The incredible saga of the German-Jewish immigrants—with now familiar names like Goldman and Sachs, Kuhn and Loeb, Warburg and Schiff, Lehman and Seligman—who profoundly influenced the rise of modern finance (and so much more), from the New York Times best-selling author of Sons of Wichita
Joseph Seligman arrived in the United States in 1837, with the equivalent of $100 sewn into the lining of his pants. Then came the Lehman brothers, who would open a general store in Montgomery, Alabama. Not far behind were Solomon Loeb and Marcus Goldman, among the “Forty-Eighters” fleeing a Germany that had relegated Jews to an underclass.
These industrious immigrants would soon go from peddling trinkets and buying up shopkeepers’ IOUs to forming what would become some of the largest investment banks in the world—Goldman Sachs, Kuhn Loeb, Lehman Brothers, J. & W. Seligman & Co. They would clash and collaborate with J. P. Morgan, E. H. Harriman, Jay Gould, and other famed tycoons of the era. And their firms would help to transform the United States from a debtor nation into a financial superpower, capitalizing American industry and underwriting some of the twentieth century’s quintessential companies, like General Motors, Macy’s, and Sears. Along the way, they would shape the destiny not just of American finance but of the millions of Eastern European Jews who spilled off steamships in New York Harbor in the early 1900s, including Daniel Schulman’s paternal grandparents.

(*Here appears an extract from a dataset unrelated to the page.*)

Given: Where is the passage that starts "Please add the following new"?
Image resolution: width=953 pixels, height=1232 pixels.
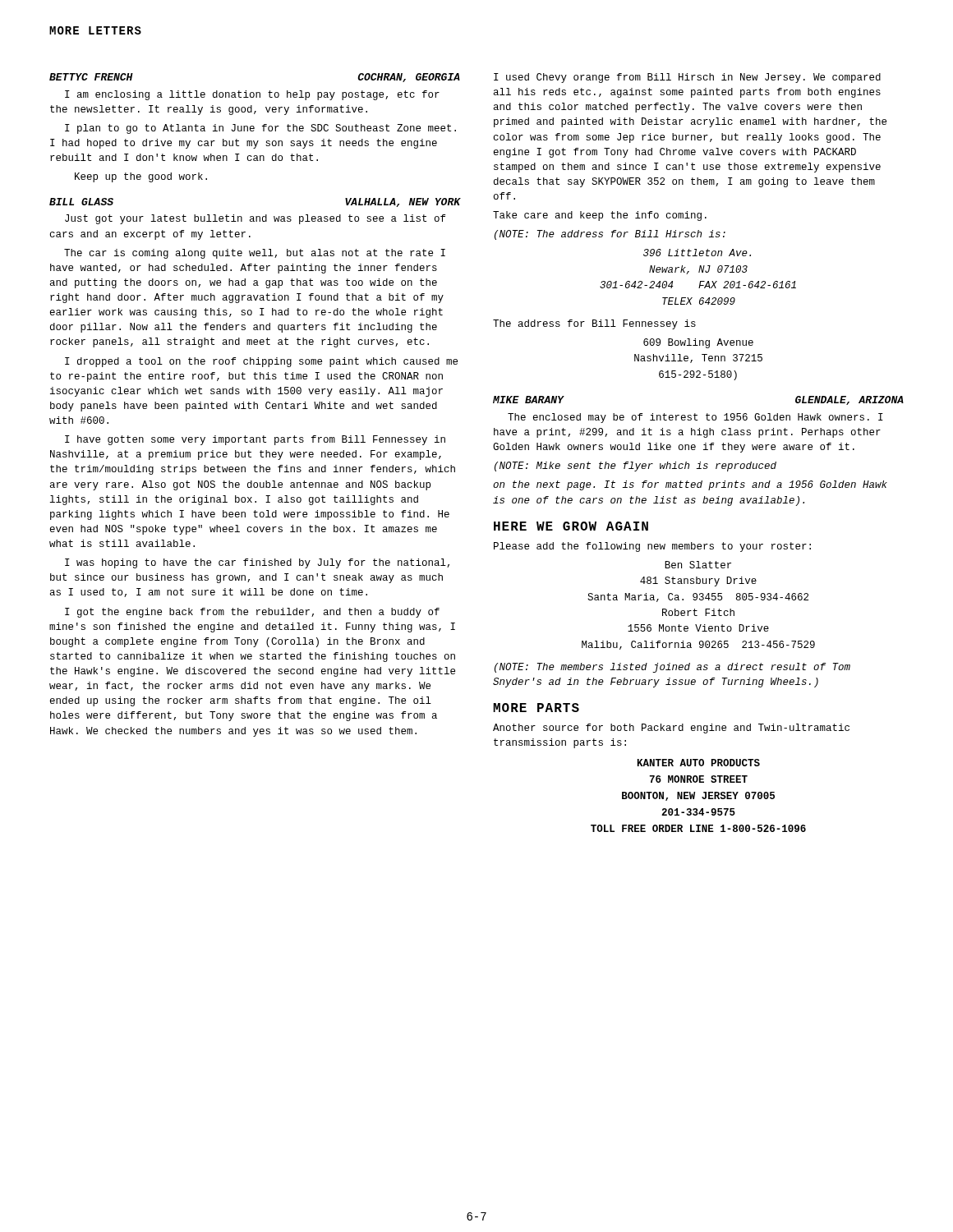Looking at the screenshot, I should [698, 615].

In The Money Kings, Schulman unspools a sweeping narrative that traces the interconnected origin stories of these financial dynasties. He chronicles their paths to Wall Street dominance, as they navigated the deeply antisemitic upper class of the Gilded Age, and the complexities of the Civil War, World War I, and the Zionist movement that tested both their burgeoning empires and their identities as Americans, Germans, and Jews.
About the Author
DANIEL SCHULMAN is the New York Times best-selling author of Sons of Wichita, a biography of the Koch family that was a finalist for the Financial Times and McKinsey Business Book of the Year Award. The deputy Washington bureau chief of Mother Jones, he lives in Massachusetts, with his wife and sons.

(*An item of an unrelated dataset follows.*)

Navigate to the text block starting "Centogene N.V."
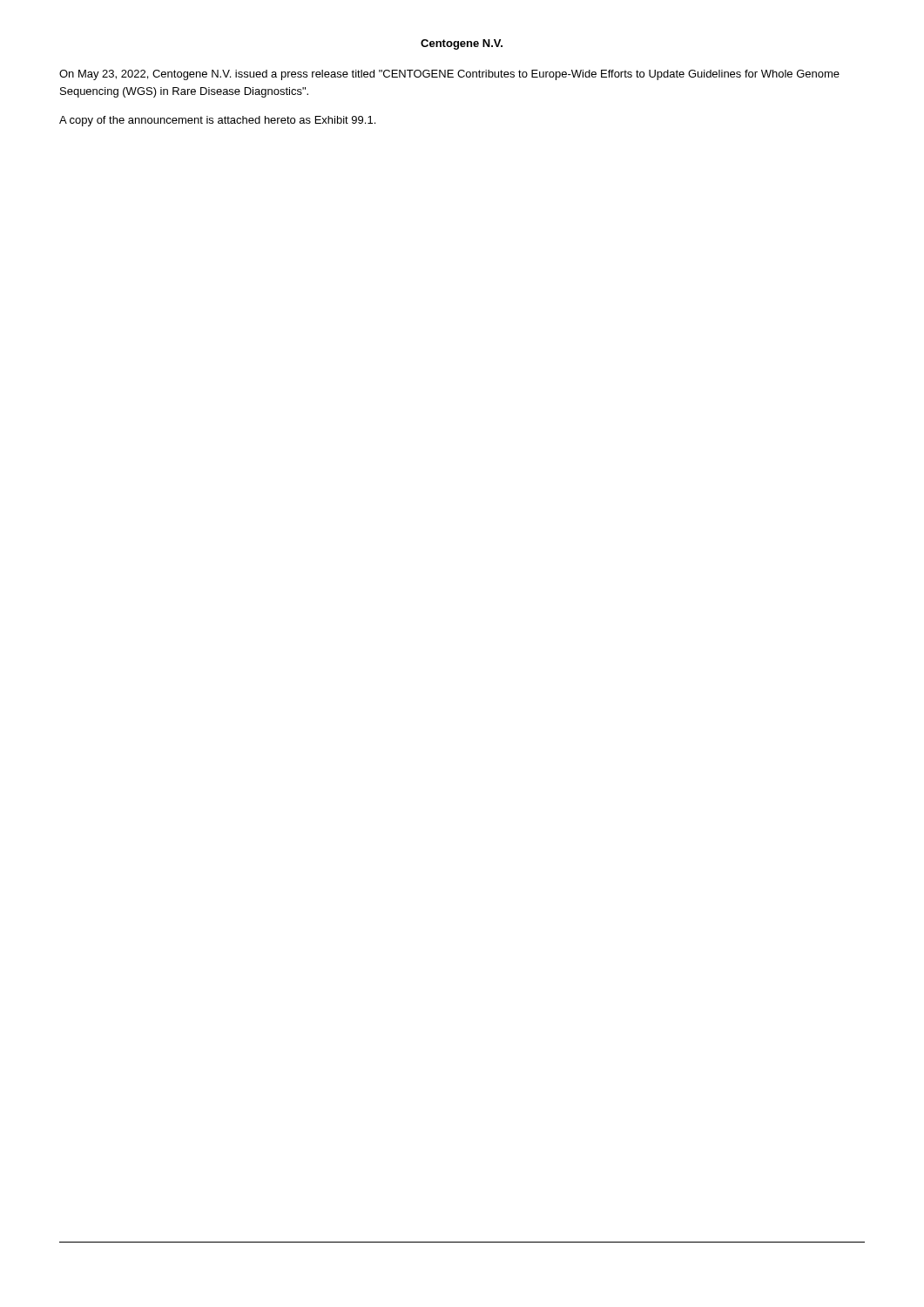The width and height of the screenshot is (924, 1307). pyautogui.click(x=462, y=43)

"Stellar . . . [A] wonderful book . . . A striking portrait of how Jews, and specifically these most elite Jews, set out to determine what it meant to be Jewish in America . . . Rich in both historical detail and as a character study, and readers will come away with a newfound appreciation for the heft of the legacy of these men, and a realization of how bittersweet that legacy is." —Emily Tamkin, The Washington Post
“A sprawling history of the German Jews who came to the United States in the 19th century and helped create the modern economy while navigating their own identities as Jews, bankers and Americans . . . Schulman is a thorough reporter with an eye for delightful details.” —Jacob Goldstein, The New York Times Book Review
“A deeply reported and readable chronicle of a group of German-Jewish immigrants who arrived in the US in the 1800s and earned fortunes that lasted generations. Schulman vividly portrays their profound impact on Wall Street and the world . . . A timely corrective to historical distortions that have helped feed antisemitism.” —Joshua Franklin, Financial Times
"A well-researched economic history of the foundations of Jewish wealth and philanthropy in America . . . Schulman seasons his account with entertaining anecdotes [and] is alert to themes that resonate today . . . While it’s [Jacob] Schiff who stands out, he’s well situated in the context of his network, so the reader gleans a fuller picture of turn-of-the-century American Jewish life and is shown a robust study of late nineteenth century, early twentieth century American financial history." —Bettina Berch, Jewish Book Council
"An ambitious and captivating group portrait of Jewish financial dynasties 'with profound legacies' in the U.S. from the 1830s to the present . . . Schulman presents a wealth of fascinating detail . . . Full of vivid personalities and intriguing tales of alliances and rivalries, this is a sensitive and compassionate portrait of the families that built Wall Street." —Publishers Weekly (starred review)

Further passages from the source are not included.